Tenía 11 años y fue fuera del aula en la que cursaba la escuela primaria. La maestra de matemática, que siempre le gritaba, volvió a gritarle. Volvió a zamarrearla. La golpeó. “A ella le molestaba que yo no entendiera lo que ella explicaba. Le molestaba tanto que terminó golpeándome”. La violencia extrema de esa maestra contra Ana Milagros González y Méndez no sería la única que le tocaría padecer.

Más de diez años después, un profesor universitario de Neurología la interrumpió en un examen oral para decirle: “Sos deficiente mental”. A Ana le estaba costando decir una palabra. Intentaba, volvía a intentar y no le salía. El profesor la agredió y el examen terminó allí mismo.

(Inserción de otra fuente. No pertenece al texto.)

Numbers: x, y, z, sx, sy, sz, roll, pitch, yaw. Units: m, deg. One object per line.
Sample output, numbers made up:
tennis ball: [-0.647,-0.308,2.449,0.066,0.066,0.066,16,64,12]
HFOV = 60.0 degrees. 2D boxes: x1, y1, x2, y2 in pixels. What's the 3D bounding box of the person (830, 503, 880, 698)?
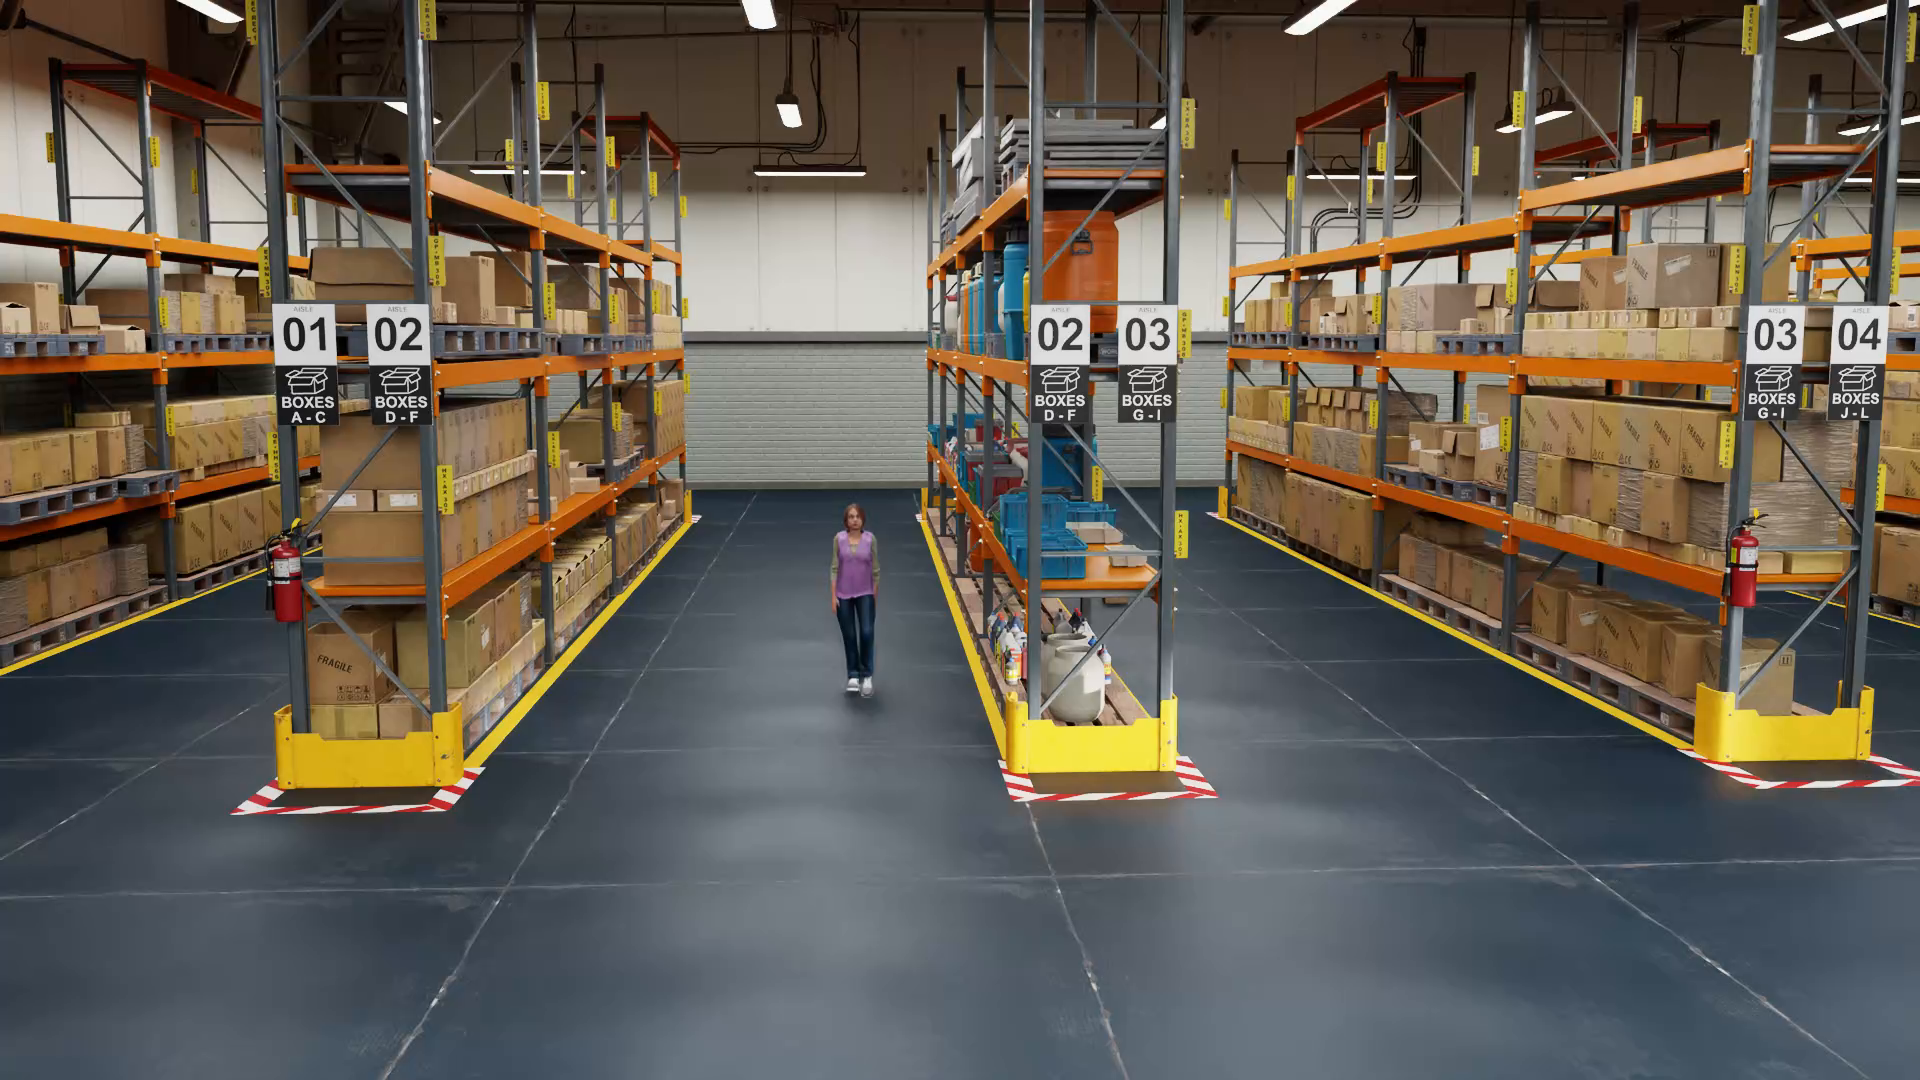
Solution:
person: [-0.878,0.504,13.874,0.405,1.619,0.461,0,7,3]

Pero a diferencia de aquel día en que la maestra la había golpeado, Ana ya sabía porqué le costaba decir algunas palabras, hacer alguna cuenta, leer un texto sin sobresaltos: tiene dislexia, discalculia y dislalia.

Ana tiene 29 años y se recibió de médica el año pasado. Trabaja como generalista en ambulancias de baja complejidad y en consultorios, y el 1º de julio rendirá el examen que, de aprobarlo, la convertiría en residente de Neurocirugía. Vive en Núñez, ejerce en San Fernando y está de novia desde hace cuatro años con Santiago, que también es médico.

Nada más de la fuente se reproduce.